しばらくその光景をじっと見ていたあなた。
じと~、じと~、頭はぽわ~ん。
とても気持ちがよいので何も考えられません。何か温かいものに包まれているような、暑すぎもせず寒くもないちょうどよい気温が、あなたを優しく包んでいます。
しばらく考えることをやめ、じっとしていました。それだけで幸せな気分だったからです。
はて、ここはどこなのだろう。
ようやくそれを考えはじめました。
あなたが最後に覚えているのは…、覚えているのは…
あらら? すべてが真っ白です。
どうにも記憶がはっきりしません。まるで寝起きのように、何か夢を見ていたような気もするけど、よく思い出せない状態です。
しばらく考えていましたが、思い出せないので諦めました。まあ、いいか。どうせたいした夢ではなかったのだろう。
それより、今自分がどこにいるかが問題です。まわりは海と山しかありません。どうしてここにいるのか、どう考えても謎です。
う~ん、考えていても仕方ない。
とりあえず歩いてみようか。
黄金色の砂浜、美しく透きとおった海水、南国のような木々。そこは写真でしか見たことがないような、外国の美しい浜辺に似ていました。
はぁ~、きれいだな~。
癒されるな~。
あまり旅行をする機会もなかったあなたは、どこか夢見心地です。きっと自分は一生こんなところとは無縁だと思っていたからです。
お金もないし、一緒に行く相手もいないあなたは、毎日平凡に暮らすだけでした。いつか行ってみたいとは思っても、日々の煩雑な出来事に流されてしまっていました。
よくわからないけど、こんな場所に来られてよかった。
だんだんそう思いはじめました。海水を蹴飛ばしてみたり、美しい砂をかき回したり、とても楽しい気分になっています。
ああ、ここはなんて素敵な場所なのだろう。
あなたはご機嫌です。見るものすべてが美しく、生き生きとしています。
こんな素敵な場所は今まで見たことがありませんでした。太陽は優しく自分を包み込み、今までの疲れを癒してくれます。働き詰めだったあなたは、そのすべてに感動を覚えていました。
幸せだなぁ、うれしいなぁ。
なにより、たったこれだけのことに感動できる自分に驚いてもいました。ここには何もないけれど、ただ自然を見ているだけで幸せを感じられるのです。
自然はいいなぁ。
しかし、しばらく遊んでいたあなたでしたが、次第に少し不安になってきました。夜になったらどうしよう。そんな考えが浮かんできます。
ズボンには何も入っていないようです。困った、お金も食料もない。いや、まわりには誰もおらず、そもそもお金が使えるのかもわかりません。
もしかしたら、どこかの島に漂着したのかもしれない。
ああ、いったいどうしたらいいんだろう。
途方に暮れるあなた。
「あっちに行くといいと思うよ」
ふと足元から声がしました。びっくりして下を見ると、一匹の亀がこちらを向いています。どうやら今の声は亀さんだったようです。

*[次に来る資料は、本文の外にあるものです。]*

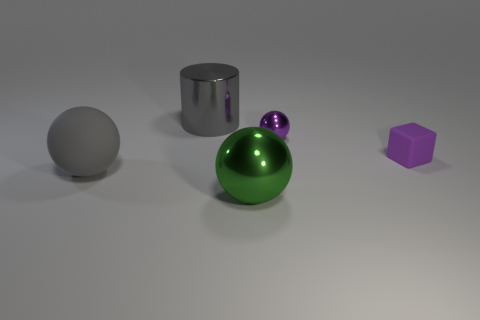Which of the objects in the image has the smoothest surface? The chrome cylinder and the metallic sphere reflect light in a way that suggests they have very smooth surfaces, but between the two, the cylinder has a smoother appearance due to its clear and undistorted reflection. 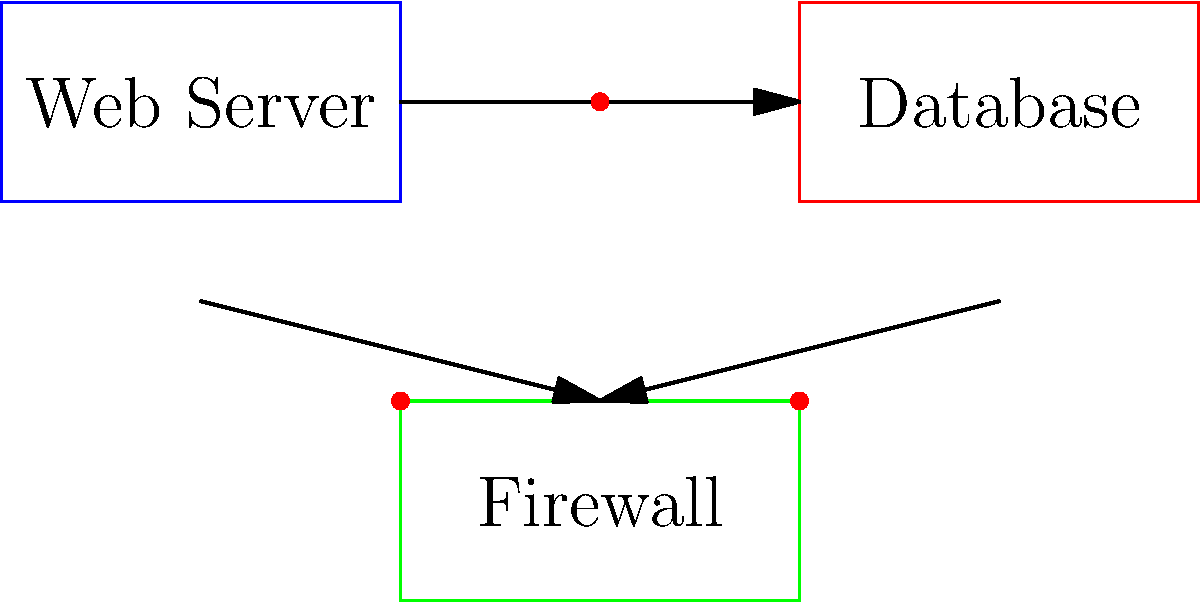Analyze the system architecture diagram above, which represents a basic web application setup. Identify and list the potential security vulnerabilities present in this configuration. Consider the components, their connections, and any missing security measures. To identify potential security vulnerabilities in the given system architecture, let's analyze each component and their interactions:

1. Web Server:
   - Directly exposed to the internet, making it a primary target for attacks.
   - Potential for unencrypted communication if HTTPS is not implemented.

2. Database:
   - Direct connection to the web server without an intermediate layer.
   - Possible unauthorized access if proper authentication is not in place.

3. Firewall:
   - Single firewall for both incoming and outgoing traffic.
   - Lack of segmentation between web and database tiers.

4. Missing Components:
   - No load balancer for distributing traffic and providing an additional layer of security.
   - Absence of a Web Application Firewall (WAF) to protect against application-layer attacks.
   - No Intrusion Detection/Prevention System (IDS/IPS) for monitoring and blocking malicious activities.

5. Network Configuration:
   - Direct communication between web server and database, bypassing the firewall.
   - Lack of network segmentation or DMZ (Demilitarized Zone) for the web server.

6. Authentication and Authorization:
   - No visible implementation of authentication mechanisms for database access.
   - Potential for unauthorized access between components.

7. Monitoring and Logging:
   - Absence of centralized logging or monitoring system for security events.

8. Data Protection:
   - No visible encryption for data in transit or at rest.

These vulnerabilities could lead to various security risks, including unauthorized access, data breaches, and potential for DDoS attacks.
Answer: 1. Exposed web server
2. Unsecured database connection
3. Single firewall
4. Lack of network segmentation
5. Missing WAF and IDS/IPS
6. Potential unencrypted communication
7. Absence of authentication mechanisms
8. Lack of monitoring and logging 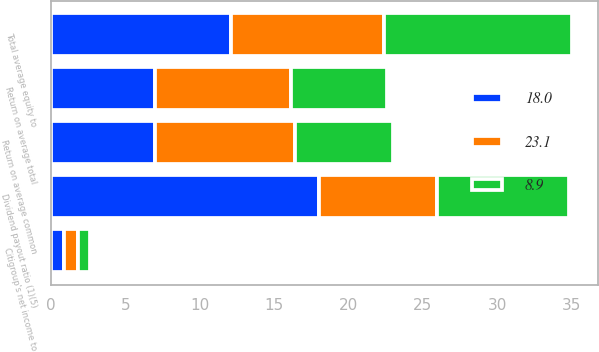Convert chart to OTSL. <chart><loc_0><loc_0><loc_500><loc_500><stacked_bar_chart><ecel><fcel>Citigroup's net income to<fcel>Return on average common<fcel>Return on average total<fcel>Total average equity to<fcel>Dividend payout ratio (1)(5)<nl><fcel>23.1<fcel>0.94<fcel>9.4<fcel>9.1<fcel>10.3<fcel>7.95<nl><fcel>18<fcel>0.84<fcel>7<fcel>7<fcel>12.1<fcel>18<nl><fcel>8.9<fcel>0.82<fcel>6.6<fcel>6.5<fcel>12.6<fcel>8.9<nl></chart> 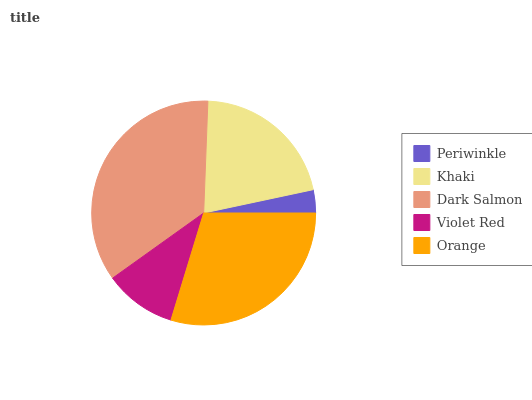Is Periwinkle the minimum?
Answer yes or no. Yes. Is Dark Salmon the maximum?
Answer yes or no. Yes. Is Khaki the minimum?
Answer yes or no. No. Is Khaki the maximum?
Answer yes or no. No. Is Khaki greater than Periwinkle?
Answer yes or no. Yes. Is Periwinkle less than Khaki?
Answer yes or no. Yes. Is Periwinkle greater than Khaki?
Answer yes or no. No. Is Khaki less than Periwinkle?
Answer yes or no. No. Is Khaki the high median?
Answer yes or no. Yes. Is Khaki the low median?
Answer yes or no. Yes. Is Dark Salmon the high median?
Answer yes or no. No. Is Orange the low median?
Answer yes or no. No.

亀さんが指差した方向には一本の道がありました。それは山につながる道のようです。少し不安でしたが、どうせ行く場所もありません。従うことにしました。
亀さん、ありがとう。
あなたはお礼を言います。
「ハバナイスデイ、グッドラック」
亀さんはそう言い残し再び海に戻っていきました。
どうやら見かねた亀さんが、わざわざ教えにきてくれたようです。親切な亀さんとの出会いに心が温まりました。
あれはいい亀だ。
あなたもご満悦です。
あの道に行けば何かあるのかもしれないな。ひとまず目的が見つかったことに安堵します。
では、さっそく行ってみよう。
あなたはその道に向かって歩きはじめました。
しかし…まてよ、とあなたはふと立ち止まります。
今、何か重要なことが起こった気がしてなりません。ものすごい疑問が頭の中に渦巻いています。しばらく何がおかしかったのか考えはじめます。
今までいた場所ではありえない現象が起こったような気がしてなりません。
わかった!
あなたは閃きました。
それは、さきほどの亀さんの言葉でした。
まさか、信じられない。
あなたはしばし呆然とします。
そうです、さきほど亀さんは、「と思うよ」と言ったのです。「と思う」「だそうだよ」「らしいよ」、どれも不確定な言葉で、各人の勝手な意見か伝聞です。
では、亀さんはそれが正しいかどうか、完全には知らないことになります。
あの亀さんは、本当にこの道が正しいのか知らないのではないか?
所詮は亀さん。人間のことがわかるはずがない。
たしかに愛らしい顔で親切そうだったが、はたして信用してよいのだろうか。
詐欺師は善人のふりをして近寄ってくるもの。
あの亀だってわかったものじゃない。
今までだって何度も騙されてきたんだ。信用できたものじゃない。
あなたの頭は疑心でいっぱいになってしまいました。
それにあの亀は英語も使っていました。ここは海外なのかもしれません。だとすれば、ますます海外製の亀さんの信憑性に疑問が…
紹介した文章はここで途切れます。